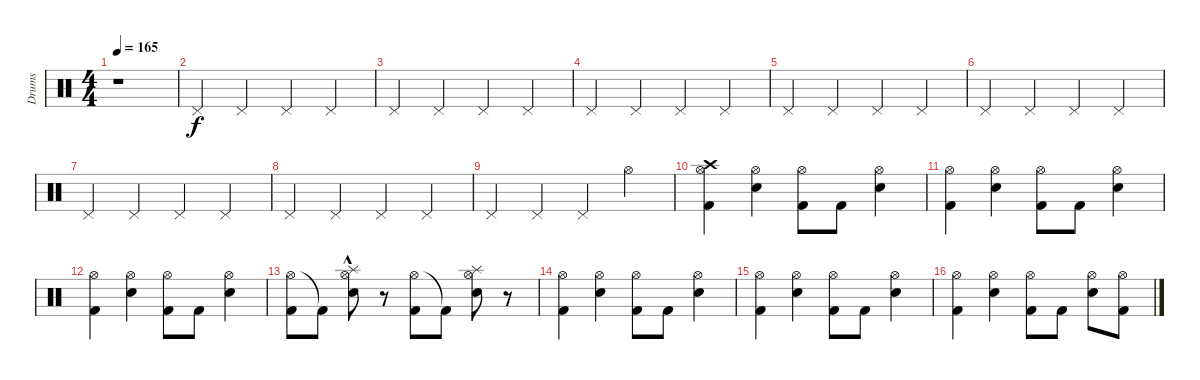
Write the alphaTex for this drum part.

\track ("Drums" "Drums") {instrument percussion}
\staff {score}
\articulation defaults
\ts (4 4)
\tempo 165
\clef neutral
\ks c
r.1{dy f} |
"Pedal Hi-Hat (hit)".4 "Pedal Hi-Hat (hit)".4 "Pedal Hi-Hat (hit)".4 "Pedal Hi-Hat (hit)".4 |
"Pedal Hi-Hat (hit)".4 "Pedal Hi-Hat (hit)".4 "Pedal Hi-Hat (hit)".4 "Pedal Hi-Hat (hit)".4 |
"Pedal Hi-Hat (hit)".4 "Pedal Hi-Hat (hit)".4 "Pedal Hi-Hat (hit)".4 "Pedal Hi-Hat (hit)".4 |
"Pedal Hi-Hat (hit)".4 "Pedal Hi-Hat (hit)".4 "Pedal Hi-Hat (hit)".4 "Pedal Hi-Hat (hit)".4 |
"Pedal Hi-Hat (hit)".4 "Pedal Hi-Hat (hit)".4 "Pedal Hi-Hat (hit)".4 "Pedal Hi-Hat (hit)".4 |
"Pedal Hi-Hat (hit)".4 "Pedal Hi-Hat (hit)".4 "Pedal Hi-Hat (hit)".4 "Pedal Hi-Hat (hit)".4 |
"Pedal Hi-Hat (hit)".4 "Pedal Hi-Hat (hit)".4 "Pedal Hi-Hat (hit)".4 "Pedal Hi-Hat (hit)".4 |
"Pedal Hi-Hat (hit)".4 "Pedal Hi-Hat (hit)".4 "Pedal Hi-Hat (hit)".4 "Hi-Hat (open)".4 |
("Kick (hit) 2" "Hi-Hat (open)" "Crash high (hit)").4 ("Hi-Hat (open)" "Snare (hit) 2").4 ("Hi-Hat (open)" "Kick (hit) 2").8 "Kick (hit) 2".8 ("Hi-Hat (open)" "Snare (hit) 2").4 |
("Kick (hit) 2" "Hi-Hat (open)").4 ("Hi-Hat (open)" "Snare (hit) 2").4 ("Hi-Hat (open)" "Kick (hit) 2").8 "Kick (hit) 2".8 ("Hi-Hat (open)" "Snare (hit) 2").4 |
("Kick (hit) 2" "Hi-Hat (open)").4 ("Hi-Hat (open)" "Snare (hit) 2").4 ("Hi-Hat (open)" "Kick (hit) 2").8 "Kick (hit) 2".8 ("Hi-Hat (open)" "Snare (hit) 2").4 |
("Hi-Hat (open)" "Kick (hit) 2").8 "Kick (hit) 2"{t}.8 ("Splash (hit)" "Hi-Hat (open)" "Snare (hit) 2"{hac}).8 r.8 ("Hi-Hat (open)" "Kick (hit) 2").8 "Kick (hit) 2"{t}.8 ("Splash (hit)" "Hi-Hat (open)" "Snare (hit) 2").8 r.8 |
("Kick (hit) 2" "Hi-Hat (open)").4 ("Hi-Hat (open)" "Snare (hit) 2").4 ("Hi-Hat (open)" "Kick (hit) 2").8 "Kick (hit) 2".8 ("Hi-Hat (open)" "Snare (hit) 2").4 |
("Kick (hit) 2" "Hi-Hat (open)").4 ("Hi-Hat (open)" "Snare (hit) 2").4 ("Hi-Hat (open)" "Kick (hit) 2").8 "Kick (hit) 2".8 ("Hi-Hat (open)" "Snare (hit) 2").4 |
("Kick (hit) 2" "Hi-Hat (open)").4 ("Hi-Hat (open)" "Snare (hit) 2").4 ("Hi-Hat (open)" "Kick (hit) 2").8 "Kick (hit) 2".8 ("Hi-Hat (open)" "Snare (hit) 2").8 ("Hi-Hat (open)" "Kick (hit) 2").8

────────────────────────────────────────

> WHAT YOU HAVE TO DO:
Give every line above again exactly, with no pictures.

> OUTPUT FOR THIS EXERCISE:
Write the alphaTex for this drum part.

\track ("Drums" "Drums") {instrument percussion}
\staff {score}
\articulation defaults
\ts (4 4)
\tempo 165
\clef neutral
\ks c
r.1{dy f} |
"Pedal Hi-Hat (hit)".4 "Pedal Hi-Hat (hit)".4 "Pedal Hi-Hat (hit)".4 "Pedal Hi-Hat (hit)".4 |
"Pedal Hi-Hat (hit)".4 "Pedal Hi-Hat (hit)".4 "Pedal Hi-Hat (hit)".4 "Pedal Hi-Hat (hit)".4 |
"Pedal Hi-Hat (hit)".4 "Pedal Hi-Hat (hit)".4 "Pedal Hi-Hat (hit)".4 "Pedal Hi-Hat (hit)".4 |
"Pedal Hi-Hat (hit)".4 "Pedal Hi-Hat (hit)".4 "Pedal Hi-Hat (hit)".4 "Pedal Hi-Hat (hit)".4 |
"Pedal Hi-Hat (hit)".4 "Pedal Hi-Hat (hit)".4 "Pedal Hi-Hat (hit)".4 "Pedal Hi-Hat (hit)".4 |
"Pedal Hi-Hat (hit)".4 "Pedal Hi-Hat (hit)".4 "Pedal Hi-Hat (hit)".4 "Pedal Hi-Hat (hit)".4 |
"Pedal Hi-Hat (hit)".4 "Pedal Hi-Hat (hit)".4 "Pedal Hi-Hat (hit)".4 "Pedal Hi-Hat (hit)".4 |
"Pedal Hi-Hat (hit)".4 "Pedal Hi-Hat (hit)".4 "Pedal Hi-Hat (hit)".4 "Hi-Hat (open)".4 |
("Kick (hit) 2" "Hi-Hat (open)" "Crash high (hit)").4 ("Hi-Hat (open)" "Snare (hit) 2").4 ("Hi-Hat (open)" "Kick (hit) 2").8 "Kick (hit) 2".8 ("Hi-Hat (open)" "Snare (hit) 2").4 |
("Kick (hit) 2" "Hi-Hat (open)").4 ("Hi-Hat (open)" "Snare (hit) 2").4 ("Hi-Hat (open)" "Kick (hit) 2").8 "Kick (hit) 2".8 ("Hi-Hat (open)" "Snare (hit) 2").4 |
("Kick (hit) 2" "Hi-Hat (open)").4 ("Hi-Hat (open)" "Snare (hit) 2").4 ("Hi-Hat (open)" "Kick (hit) 2").8 "Kick (hit) 2".8 ("Hi-Hat (open)" "Snare (hit) 2").4 |
("Hi-Hat (open)" "Kick (hit) 2").8 "Kick (hit) 2"{t}.8 ("Splash (hit)" "Hi-Hat (open)" "Snare (hit) 2"{hac}).8 r.8 ("Hi-Hat (open)" "Kick (hit) 2").8 "Kick (hit) 2"{t}.8 ("Splash (hit)" "Hi-Hat (open)" "Snare (hit) 2").8 r.8 |
("Kick (hit) 2" "Hi-Hat (open)").4 ("Hi-Hat (open)" "Snare (hit) 2").4 ("Hi-Hat (open)" "Kick (hit) 2").8 "Kick (hit) 2".8 ("Hi-Hat (open)" "Snare (hit) 2").4 |
("Kick (hit) 2" "Hi-Hat (open)").4 ("Hi-Hat (open)" "Snare (hit) 2").4 ("Hi-Hat (open)" "Kick (hit) 2").8 "Kick (hit) 2".8 ("Hi-Hat (open)" "Snare (hit) 2").4 |
("Kick (hit) 2" "Hi-Hat (open)").4 ("Hi-Hat (open)" "Snare (hit) 2").4 ("Hi-Hat (open)" "Kick (hit) 2").8 "Kick (hit) 2".8 ("Hi-Hat (open)" "Snare (hit) 2").8 ("Hi-Hat (open)" "Kick (hit) 2").8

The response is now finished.